1. A new seancoates.com

    Over the past few weeks, my business partner Cameron and I have spent evenings, late nights, and weekends (at least partially) working on a much-improved seancoates.com.

    If you’re reading this via my feed, or through a syndication outlet, you probably hadn’t noticed.

    The primary goal of this change was to reduce (hopefully even remove) the ugliness of my main presence on the Web, and I’m very happy with the results.

    In addition to making things look nicer, we also wanted to improve the actual functionality of the site. Formerly, seancoates.com was a blog, with a couple haphazard pages thrown in. The new version serves to highlight my blog (which I fully intend to pick up with more frequency), but also contains a little bit of info about me, a place to highlight my code and speaking/writing contributions, and a good place for me to keep my beer recipes.
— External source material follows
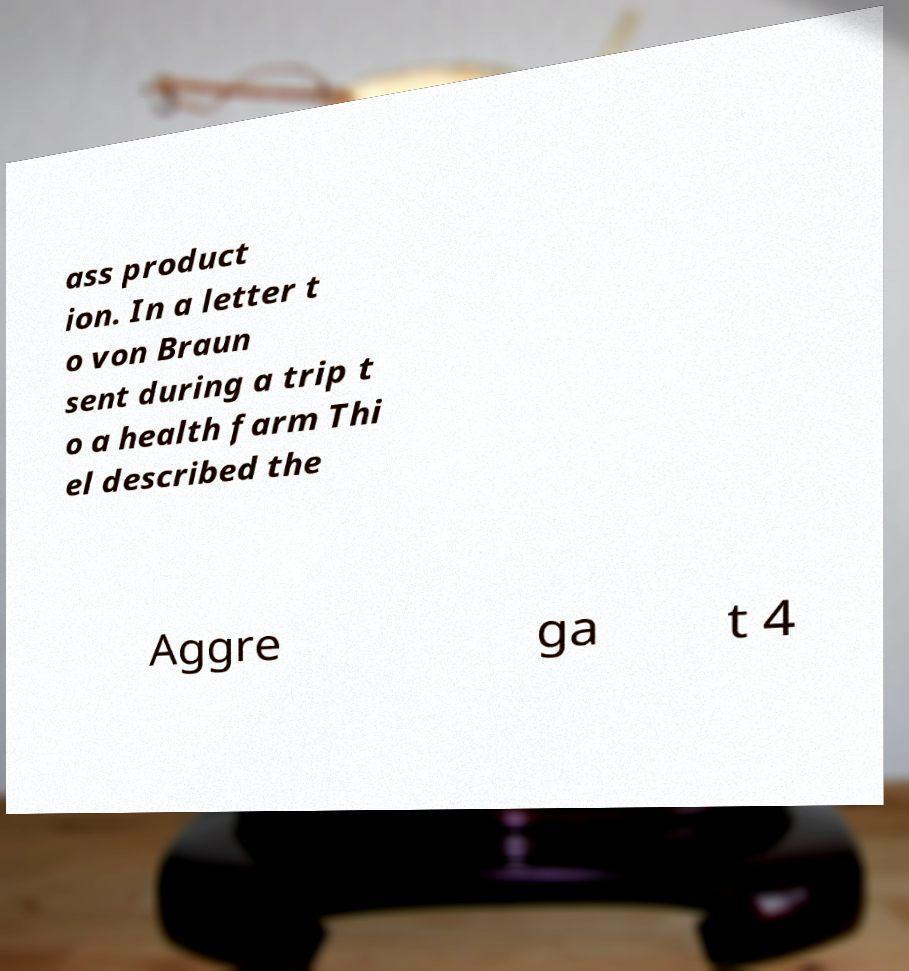What messages or text are displayed in this image? I need them in a readable, typed format. ass product ion. In a letter t o von Braun sent during a trip t o a health farm Thi el described the Aggre ga t 4

    Cameron came up with the simple visual design and great interaction design, so a public “Thank You” is in order for his many hours of thought and contribution. Clearly, the ugliness reduction was his doing (due to my poorly-functioning right brain).

    I’m very happy with how the site turned out as a whole, and thought I’d outline a few of my favourite bits (that might otherwise be missed at first glance).

    URL Sentences

    The technique of turning URLs into sentences was pioneered by my friend and colleague Chris Shiflett. Cameron (who shares studio space (and significant amounts of beer) with Chris) and I both like this technique, so we decided to implement it for my site.

    The main sections of the site are verbs, so this was pretty easy (once we decided on proper nomenclature). Here are a few examples:

    • seancoates.com/blogs – Sean Coates blogs…
    • seancoates.com/blogs/about-php – Sean Coates blogs about PHP (my “PHP” blog tag)
    • seancoates.com/brews – an index of my published recipes
    • seancoates.com/brews/coatesmeal-stout – the recipe page for Coatesmeal Stout

    To complement the URLs, the page title spells out the page you’re viewing in plain language, and the visual site header indicates where you are (while hopefully enticing you to click through to the other sections).

    Moving my blog from the root “directory” on seancoates.com to /blogs caused my URLs to break, so I had to whip up yet another bit of transition code to keep old links functioning. Even links on my original blog (which was hosted on blog.phpdoc.info) should still work. If you find broken links, please let me know.

    Vertical Content Integration

    My “/is” page contains feeds from Twitter and Flickr.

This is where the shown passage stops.